In round 4 of the 2021 Super League season, he scored two tries in a 34-8 victory over Leigh. It was Salford's first win of the year after the club had lost the opening three games.

==International career==
In June 2007 Brown was called up to the Great Britain squad for the Test match against France.

He was selected to play for England against France in the one-off test in 2010. He was also a part of England's Four Nations campaign later in the year.

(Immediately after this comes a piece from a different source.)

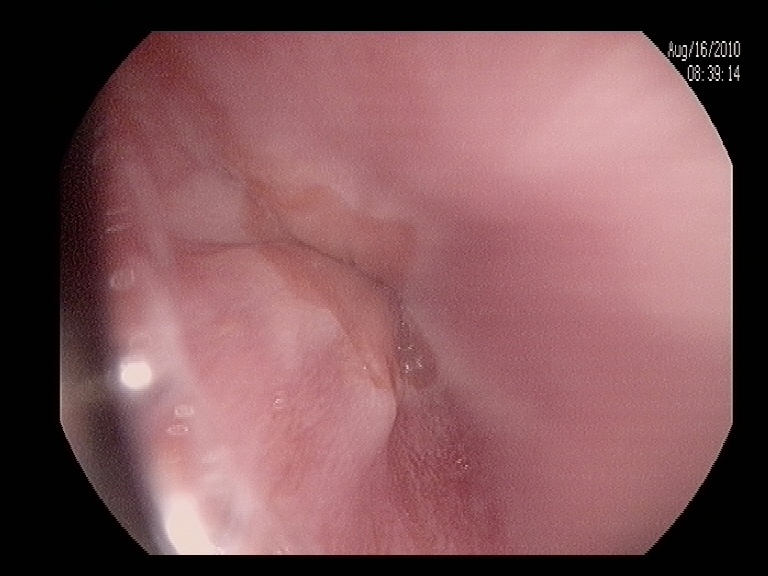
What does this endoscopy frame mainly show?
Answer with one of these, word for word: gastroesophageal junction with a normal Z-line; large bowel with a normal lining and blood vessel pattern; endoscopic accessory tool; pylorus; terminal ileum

gastroesophageal junction with a normal Z-line

In October 2016, Brown was selected in the England squad for the 2016 Four Nations. He returned to the international scene where he featured in a test match against France, scoring his first international try in the process, in his country's 40-6 win.

Brown was a surprise inclusion in England's 2017 World Cup squad. He was not selected for the first two group games, with Gareth Widdop and Luke Gale being preferred as the starting halfbacks. Brown has given his first start in the final group game against France, with Widdop moving to the position. He retained his place for the 36–6 quarter final victory over Papua New Guinea, but was substituted at half time after suffering a concussion. He was cleared to play in time for the semi-final against Tonga, helping England win 20–18 to reach the World Cup final for the first time in 22 years. Brown started once again at stand off in the final against Australia, which England went on to lose 0–6.

==Post-playing career==
Brown has worked as a pundit for the BBC since hanging up his boots.